Dott. CRISCUOLO Mauro – rel. Consigliere –

ha pronunciato la seguente:

ORDINANZA

sul ricorso 20910-2017 proposto da:

M.A., M.V., elettivamente

domiciliati in ROMA, VIA BALDO DEGLI UBALDI, 66, presso lo studio

dell’avvocato SIMONA RINALDI GALLICANI, rappresentati e difesi dagli

avvocati GIANFRANCO MOBILIO, ISRAELE PASSANNANTI giusta procura in

calce al ricorso;

– ricorrenti –

contro

Z.G., elettivamente domiciliata in ROMA, VIALE DELLE MILIZIE

9, presso lo studio dell’avvocato ANTONELLA MASTROCOLA,

rappresentata e difesa dall’avvocato ANTONIO DEL MANTO giusta

procura a margine del controricorso;

– controricorrenti –

avverso la sentenza n. 575/2017 della CORTE D’APPELLO di SALERNO,

depositata il 12/06/2017;

udita la relazione della causa svolta nella camera di consiglio del

23/01/2020 dal Consigliere Dott.

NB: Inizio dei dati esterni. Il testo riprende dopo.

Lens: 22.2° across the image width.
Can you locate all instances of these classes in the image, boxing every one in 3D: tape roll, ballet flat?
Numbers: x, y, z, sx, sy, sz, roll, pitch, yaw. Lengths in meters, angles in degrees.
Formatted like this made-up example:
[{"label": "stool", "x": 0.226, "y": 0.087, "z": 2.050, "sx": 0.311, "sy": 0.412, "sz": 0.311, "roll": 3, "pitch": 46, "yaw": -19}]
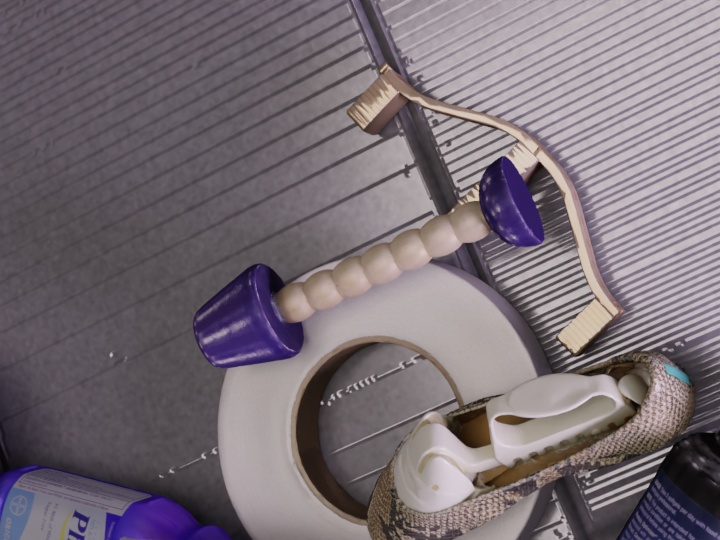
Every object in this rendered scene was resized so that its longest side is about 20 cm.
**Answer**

MAURO CRISCUOLO;

Lette le memorie depositate dai ricorrenti.

Fatto

MOTIVI IN FATTO ED IN DIRITTO DELLA DECISIONE

Con atto di citazione notificato a M.A., M.V. e M.A., Z.G. chiedeva al Tribunale di Salerno di accertare la legittimità del recesso dal contratto preliminare stipulato coi convenuti, in qualità di promissaria acquirente, relativamente ad una porzione di immobile sito in Salerno, adducendo che i promittenti venditori non avevano adempiuto al frazionamento ed accatastamento dell’immobile nel termine e secondo le modalità previste nello stesso contratto.

I convenuti si costituivano per contestare tutte le pretese attoree ed affermavano che nessun adempimento fosse loro imputabile dal momento che avevano adempiuto alla regolarizzazione della documentazione e che, al contrario, la stipula del definitivo era stata impedita dall’attrice, la quale non si era presentata dinanzi al notaio per la sottoscrizione del rogito, ragion per cui chiedevano il riconoscimento del diritto a ritenere la caparra.

In corso di causa veniva disposta consulenza tecnica d’ufficio, all’esito della quale il perito accertava che non risultava ancora completato l’iter amministrativo volto a ottenere la documentazione necessaria alla stipula del contratto definitivo, nè risultava avanzata una richiesta di frazionamento edilizio presso il Comune di Salerno.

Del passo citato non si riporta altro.